■ Problem description: Which lines below hold the word "angles"? Copy all of them.

----------------------------------------

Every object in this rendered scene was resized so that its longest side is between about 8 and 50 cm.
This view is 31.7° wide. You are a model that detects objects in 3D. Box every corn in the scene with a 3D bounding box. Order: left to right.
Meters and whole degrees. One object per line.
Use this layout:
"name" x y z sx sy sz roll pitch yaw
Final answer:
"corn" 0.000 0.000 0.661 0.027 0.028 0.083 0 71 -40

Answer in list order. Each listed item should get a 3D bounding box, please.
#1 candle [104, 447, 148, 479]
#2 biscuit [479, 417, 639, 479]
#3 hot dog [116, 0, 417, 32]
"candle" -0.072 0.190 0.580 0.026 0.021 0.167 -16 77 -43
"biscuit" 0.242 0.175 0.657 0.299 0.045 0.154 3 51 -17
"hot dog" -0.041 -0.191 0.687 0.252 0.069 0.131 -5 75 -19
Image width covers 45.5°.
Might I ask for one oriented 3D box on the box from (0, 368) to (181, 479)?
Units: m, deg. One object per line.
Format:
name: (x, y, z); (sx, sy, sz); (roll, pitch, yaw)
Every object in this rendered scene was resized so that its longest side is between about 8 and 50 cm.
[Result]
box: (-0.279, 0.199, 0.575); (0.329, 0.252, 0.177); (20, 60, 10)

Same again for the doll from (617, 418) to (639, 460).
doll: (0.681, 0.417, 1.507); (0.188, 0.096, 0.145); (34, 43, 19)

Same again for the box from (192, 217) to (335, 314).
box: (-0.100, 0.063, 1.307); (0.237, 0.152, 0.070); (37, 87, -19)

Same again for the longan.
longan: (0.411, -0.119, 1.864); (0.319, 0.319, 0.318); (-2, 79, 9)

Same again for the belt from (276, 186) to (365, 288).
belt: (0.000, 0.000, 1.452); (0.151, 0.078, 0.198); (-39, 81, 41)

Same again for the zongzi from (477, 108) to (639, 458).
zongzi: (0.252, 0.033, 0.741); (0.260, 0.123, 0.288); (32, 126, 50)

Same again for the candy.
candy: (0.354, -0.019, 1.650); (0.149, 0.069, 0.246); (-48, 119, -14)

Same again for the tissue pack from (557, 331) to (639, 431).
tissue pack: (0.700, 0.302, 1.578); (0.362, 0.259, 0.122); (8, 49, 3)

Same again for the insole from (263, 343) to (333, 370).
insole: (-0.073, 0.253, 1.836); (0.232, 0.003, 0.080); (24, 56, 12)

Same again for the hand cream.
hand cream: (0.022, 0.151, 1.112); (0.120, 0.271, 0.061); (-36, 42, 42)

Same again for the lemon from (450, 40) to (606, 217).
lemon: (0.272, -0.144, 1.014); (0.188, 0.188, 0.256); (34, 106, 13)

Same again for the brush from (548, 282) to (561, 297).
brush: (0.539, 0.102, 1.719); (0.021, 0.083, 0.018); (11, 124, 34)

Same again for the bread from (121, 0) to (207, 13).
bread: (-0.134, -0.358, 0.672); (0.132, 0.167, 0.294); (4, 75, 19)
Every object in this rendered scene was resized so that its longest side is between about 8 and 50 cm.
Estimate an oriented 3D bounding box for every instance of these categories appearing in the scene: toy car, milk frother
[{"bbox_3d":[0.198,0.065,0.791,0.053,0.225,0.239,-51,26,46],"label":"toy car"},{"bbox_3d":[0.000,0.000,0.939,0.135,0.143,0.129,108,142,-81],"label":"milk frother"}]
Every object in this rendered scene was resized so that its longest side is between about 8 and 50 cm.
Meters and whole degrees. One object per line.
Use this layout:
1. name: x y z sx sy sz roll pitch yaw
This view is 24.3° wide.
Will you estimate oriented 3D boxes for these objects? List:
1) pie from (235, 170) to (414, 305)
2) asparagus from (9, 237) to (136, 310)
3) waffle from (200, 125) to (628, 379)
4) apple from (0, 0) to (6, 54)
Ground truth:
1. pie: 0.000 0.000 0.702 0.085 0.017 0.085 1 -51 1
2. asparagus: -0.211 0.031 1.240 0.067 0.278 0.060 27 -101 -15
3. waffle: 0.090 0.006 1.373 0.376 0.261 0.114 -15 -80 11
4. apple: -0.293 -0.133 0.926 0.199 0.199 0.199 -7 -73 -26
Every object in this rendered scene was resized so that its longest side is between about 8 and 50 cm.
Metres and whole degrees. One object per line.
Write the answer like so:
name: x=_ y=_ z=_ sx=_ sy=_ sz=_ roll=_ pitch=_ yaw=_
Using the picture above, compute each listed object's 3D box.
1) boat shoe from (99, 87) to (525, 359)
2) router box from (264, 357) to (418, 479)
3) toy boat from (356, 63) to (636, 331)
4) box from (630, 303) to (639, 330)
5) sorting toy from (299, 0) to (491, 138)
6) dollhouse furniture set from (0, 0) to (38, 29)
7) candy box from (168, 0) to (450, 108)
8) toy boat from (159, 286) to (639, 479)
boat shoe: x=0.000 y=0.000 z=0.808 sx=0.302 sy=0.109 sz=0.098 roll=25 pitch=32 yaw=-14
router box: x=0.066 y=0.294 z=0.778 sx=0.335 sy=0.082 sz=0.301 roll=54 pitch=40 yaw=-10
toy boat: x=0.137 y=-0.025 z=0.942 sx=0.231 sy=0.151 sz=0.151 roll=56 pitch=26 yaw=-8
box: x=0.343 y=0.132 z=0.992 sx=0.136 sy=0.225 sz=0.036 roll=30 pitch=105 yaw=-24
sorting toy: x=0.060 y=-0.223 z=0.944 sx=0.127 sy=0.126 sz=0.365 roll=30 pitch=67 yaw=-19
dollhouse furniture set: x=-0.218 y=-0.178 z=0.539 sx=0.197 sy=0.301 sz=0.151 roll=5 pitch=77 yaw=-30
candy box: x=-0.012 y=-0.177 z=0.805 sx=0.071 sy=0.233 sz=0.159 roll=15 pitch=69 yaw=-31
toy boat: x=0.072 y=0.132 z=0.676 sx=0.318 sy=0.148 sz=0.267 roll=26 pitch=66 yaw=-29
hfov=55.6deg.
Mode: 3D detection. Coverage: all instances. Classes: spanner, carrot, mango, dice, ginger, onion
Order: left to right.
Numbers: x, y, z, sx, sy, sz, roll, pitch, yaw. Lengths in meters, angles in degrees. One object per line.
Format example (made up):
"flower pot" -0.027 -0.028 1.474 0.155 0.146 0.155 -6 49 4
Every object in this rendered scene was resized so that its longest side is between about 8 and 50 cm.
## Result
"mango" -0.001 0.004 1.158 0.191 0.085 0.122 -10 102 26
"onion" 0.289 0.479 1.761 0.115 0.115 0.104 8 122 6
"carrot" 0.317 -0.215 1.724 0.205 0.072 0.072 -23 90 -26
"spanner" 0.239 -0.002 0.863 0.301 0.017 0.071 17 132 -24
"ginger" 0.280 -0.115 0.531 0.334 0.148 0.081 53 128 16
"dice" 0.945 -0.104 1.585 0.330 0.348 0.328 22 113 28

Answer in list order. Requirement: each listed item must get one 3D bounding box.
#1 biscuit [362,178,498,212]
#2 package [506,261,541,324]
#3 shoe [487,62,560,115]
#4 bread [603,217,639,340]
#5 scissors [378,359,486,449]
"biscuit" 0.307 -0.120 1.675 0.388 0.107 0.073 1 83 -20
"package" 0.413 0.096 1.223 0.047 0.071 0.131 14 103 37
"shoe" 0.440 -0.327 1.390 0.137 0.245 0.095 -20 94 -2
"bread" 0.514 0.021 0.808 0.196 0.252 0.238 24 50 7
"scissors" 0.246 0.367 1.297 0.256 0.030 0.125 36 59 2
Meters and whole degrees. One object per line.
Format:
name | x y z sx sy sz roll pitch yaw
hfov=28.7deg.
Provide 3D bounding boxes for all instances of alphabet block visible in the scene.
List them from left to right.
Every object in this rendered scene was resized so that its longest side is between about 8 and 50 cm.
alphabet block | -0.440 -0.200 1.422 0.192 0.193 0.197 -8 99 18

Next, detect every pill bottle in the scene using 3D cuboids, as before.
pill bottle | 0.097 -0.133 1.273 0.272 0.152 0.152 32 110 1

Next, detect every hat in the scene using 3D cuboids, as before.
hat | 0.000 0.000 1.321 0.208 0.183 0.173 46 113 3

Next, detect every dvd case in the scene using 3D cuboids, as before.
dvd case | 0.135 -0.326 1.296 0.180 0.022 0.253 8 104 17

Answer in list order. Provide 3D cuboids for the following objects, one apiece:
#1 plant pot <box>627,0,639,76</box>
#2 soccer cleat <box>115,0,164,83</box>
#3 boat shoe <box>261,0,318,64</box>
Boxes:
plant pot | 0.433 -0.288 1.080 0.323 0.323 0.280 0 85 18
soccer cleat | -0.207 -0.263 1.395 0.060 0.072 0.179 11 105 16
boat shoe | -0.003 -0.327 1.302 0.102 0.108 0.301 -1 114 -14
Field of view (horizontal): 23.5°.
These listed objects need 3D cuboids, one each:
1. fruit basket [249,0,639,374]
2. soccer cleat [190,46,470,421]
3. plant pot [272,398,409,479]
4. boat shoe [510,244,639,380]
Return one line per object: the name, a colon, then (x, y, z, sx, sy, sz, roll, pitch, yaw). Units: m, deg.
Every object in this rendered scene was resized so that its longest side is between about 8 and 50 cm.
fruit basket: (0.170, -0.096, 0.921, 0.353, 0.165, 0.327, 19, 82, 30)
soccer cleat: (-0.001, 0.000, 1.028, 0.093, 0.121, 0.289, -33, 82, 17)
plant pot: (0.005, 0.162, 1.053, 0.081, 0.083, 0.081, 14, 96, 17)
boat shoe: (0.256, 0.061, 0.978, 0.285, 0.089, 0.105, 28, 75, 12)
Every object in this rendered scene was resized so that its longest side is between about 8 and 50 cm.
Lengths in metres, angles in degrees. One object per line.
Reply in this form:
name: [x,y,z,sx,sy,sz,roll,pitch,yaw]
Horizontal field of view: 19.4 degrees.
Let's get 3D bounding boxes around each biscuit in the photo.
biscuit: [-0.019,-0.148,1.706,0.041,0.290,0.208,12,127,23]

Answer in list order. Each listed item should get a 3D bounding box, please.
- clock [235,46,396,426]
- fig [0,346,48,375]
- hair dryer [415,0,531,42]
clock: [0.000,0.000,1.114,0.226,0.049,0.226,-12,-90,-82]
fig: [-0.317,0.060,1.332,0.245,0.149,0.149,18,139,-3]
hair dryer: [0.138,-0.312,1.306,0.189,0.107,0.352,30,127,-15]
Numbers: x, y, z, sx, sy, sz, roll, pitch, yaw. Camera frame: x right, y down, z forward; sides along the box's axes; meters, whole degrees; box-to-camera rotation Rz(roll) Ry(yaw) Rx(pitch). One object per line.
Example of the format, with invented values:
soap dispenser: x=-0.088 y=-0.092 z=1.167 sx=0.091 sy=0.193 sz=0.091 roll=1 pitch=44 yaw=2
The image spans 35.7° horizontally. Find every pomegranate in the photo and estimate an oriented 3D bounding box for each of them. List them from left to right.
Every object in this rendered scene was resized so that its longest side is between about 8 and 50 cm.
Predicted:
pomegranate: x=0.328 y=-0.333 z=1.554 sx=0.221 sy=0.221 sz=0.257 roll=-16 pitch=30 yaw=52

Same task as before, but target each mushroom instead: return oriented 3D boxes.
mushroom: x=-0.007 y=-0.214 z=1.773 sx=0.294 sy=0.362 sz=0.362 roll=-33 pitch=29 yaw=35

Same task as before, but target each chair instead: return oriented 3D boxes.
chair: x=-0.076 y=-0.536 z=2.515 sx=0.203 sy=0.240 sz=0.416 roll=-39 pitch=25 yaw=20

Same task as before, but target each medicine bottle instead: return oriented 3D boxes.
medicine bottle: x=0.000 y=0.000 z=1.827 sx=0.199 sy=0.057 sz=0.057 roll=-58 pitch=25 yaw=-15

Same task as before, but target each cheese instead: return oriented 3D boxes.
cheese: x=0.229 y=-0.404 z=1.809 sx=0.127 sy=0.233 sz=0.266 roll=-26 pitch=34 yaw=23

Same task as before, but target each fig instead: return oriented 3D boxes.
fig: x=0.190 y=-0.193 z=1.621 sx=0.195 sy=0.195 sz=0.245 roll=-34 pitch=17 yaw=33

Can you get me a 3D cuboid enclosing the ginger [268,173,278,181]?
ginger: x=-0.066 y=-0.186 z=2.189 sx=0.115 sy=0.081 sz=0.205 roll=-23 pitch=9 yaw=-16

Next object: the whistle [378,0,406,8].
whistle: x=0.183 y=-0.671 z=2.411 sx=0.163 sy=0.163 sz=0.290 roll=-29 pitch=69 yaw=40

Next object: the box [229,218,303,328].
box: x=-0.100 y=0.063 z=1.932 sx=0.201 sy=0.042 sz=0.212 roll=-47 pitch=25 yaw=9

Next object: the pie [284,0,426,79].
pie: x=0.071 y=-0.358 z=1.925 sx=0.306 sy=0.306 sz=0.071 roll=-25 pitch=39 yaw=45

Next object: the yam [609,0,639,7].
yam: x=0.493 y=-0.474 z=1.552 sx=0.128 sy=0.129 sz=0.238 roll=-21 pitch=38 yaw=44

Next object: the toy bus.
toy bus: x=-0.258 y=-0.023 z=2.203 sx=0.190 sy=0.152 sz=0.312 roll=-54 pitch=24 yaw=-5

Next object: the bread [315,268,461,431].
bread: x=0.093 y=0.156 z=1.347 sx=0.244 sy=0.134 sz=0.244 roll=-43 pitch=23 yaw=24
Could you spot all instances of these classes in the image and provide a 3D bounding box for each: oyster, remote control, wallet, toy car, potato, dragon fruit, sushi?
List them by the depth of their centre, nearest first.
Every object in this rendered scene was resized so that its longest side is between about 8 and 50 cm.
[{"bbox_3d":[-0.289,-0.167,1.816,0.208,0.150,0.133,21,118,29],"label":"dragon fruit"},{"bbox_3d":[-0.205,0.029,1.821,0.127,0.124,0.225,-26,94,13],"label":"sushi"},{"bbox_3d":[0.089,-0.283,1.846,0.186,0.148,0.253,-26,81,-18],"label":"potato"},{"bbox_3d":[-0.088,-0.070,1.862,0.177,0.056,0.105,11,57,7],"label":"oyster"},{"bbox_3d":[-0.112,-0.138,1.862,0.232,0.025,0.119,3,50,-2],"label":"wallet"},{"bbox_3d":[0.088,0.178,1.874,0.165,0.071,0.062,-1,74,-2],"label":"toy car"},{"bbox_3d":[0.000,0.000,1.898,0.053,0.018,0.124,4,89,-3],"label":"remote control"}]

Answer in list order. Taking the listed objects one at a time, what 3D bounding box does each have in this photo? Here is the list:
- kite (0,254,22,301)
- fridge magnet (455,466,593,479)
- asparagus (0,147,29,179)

----------------------------------------

■ Result below:
Numbers: x, y, z, sx, sy, sz, roll, pitch, yaw. Lengths in meters, angles in degrees. One object per line.
Lengths in metres, angles in degrees. One object per line.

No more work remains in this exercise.